To further enhance the interpretability of the models, we applied the SHAP method to reveal the contribution of different features to the model’s prediction outcomes. In the RF model, Butylamine and Methylthiobutyrate-M were the key features influencing the prediction results, with Butylamine contributing significantly to the model’s predictions and exhibiting a clear positive effect. In contrast, Propyl-propenyl disulphide and Linalool had smaller contributions to the prediction. In the NN model, Butylamine remained the dominant feature, exerting a significant positive impact on the prediction results, while Methylthiobutyrate-M contributed less. In the SVM model, Butylamine was also the most important feature, showing a clear positive effect, with Methyl pentanoate-M also contributing to the model’s predictions. Through SHAP analysis, we were able to gain deeper insights into the role of different features in each model, providing strong support for further optimization and interpretation of the models.

These five key compounds (Linalool, Propyl-propenyl disulphide, Methylthiobutyrate-M, Butylamine, Methyl pentanoate-M) are closely related to the pathological mechanisms of gallstones complicated by cholecystitis. Linalool has anti-inflammatory and antioxidant properties and may alleviate inflammation and oxidative damage in the gallbladder, reducing the irritation caused by gallstones. Propyl-propenyl disulphide, an organic sulfur compound, may inhibit the release of inflammatory mediators in the gallbladder, slowing the formation of gallstones and improving bile composition. Methylthiobutyrate-M may be involved in lipid metabolism disorders, regulating the formation of cholesterol crystals and promoting gallstone formation. Butylamine plays an important role in the immune response in cholecystitis and may exacerbate the pathological progression of inflammation by enhancing the inflammatory response. Methyl pentanoate-M, a product of lipid metabolism, may be related to gallstone formation and the metabolic disorders in cholecystitis, further driving pathological changes in the gallbladder. In summary, these compounds play a key role in the metabolic and inflammatory processes of gallstones complicated by cholecystitis, potentially promoting the development and progression of the disease through the regulation of inflammation, immune response, and lipid metabolism.

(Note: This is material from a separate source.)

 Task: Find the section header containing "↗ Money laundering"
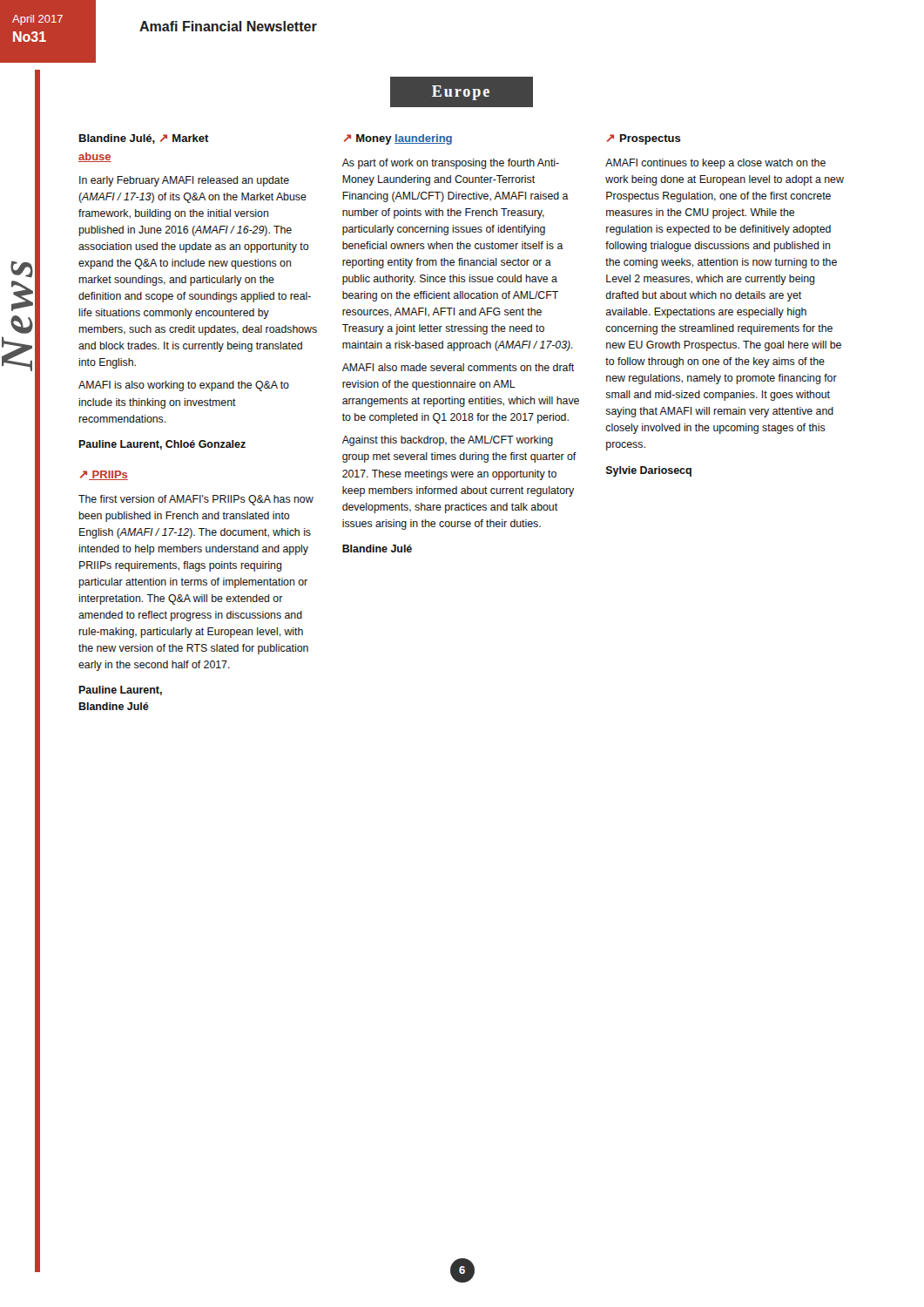click(397, 138)

In conclusion, this study successfully explored the potential of urinary VOCs for the early diagnosis of gallstones complicated by cholecystitis using GC-IMS combined with machine learning models. The study identified significant differences in compounds such as Linalool, Propyl-propenyl disulphide, Methylthiobutyrate-M, and Butylamine between patients with gallstones complicated by cholecystitis and healthy controls. Machine learning models, including neural networks, random forests, and support vector machines, achieved high diagnostic accuracy, with the neural network model showing the best classification performance. SHAP analysis further revealed the contributions of different features to the model’s predictions, providing a deeper understanding and enhancing model interpretability.

Despite these promising preliminary results, there are limitations, including the single-center design and small sample size, which may affect the generalizability of the findings. Future studies should conduct multi-center and larger-scale validations to improve the model’s robustness and external validity. Additionally, this study did not combine VOCs with other clinical indicators or biomarkers, which offers opportunities for further optimization of the model. Overall, the use of urinary VOCs combined with GC-IMS and machine learning methods presents a promising approach for the early diagnosis of gallstones complicated by cholecystitis, with significant clinical application potential.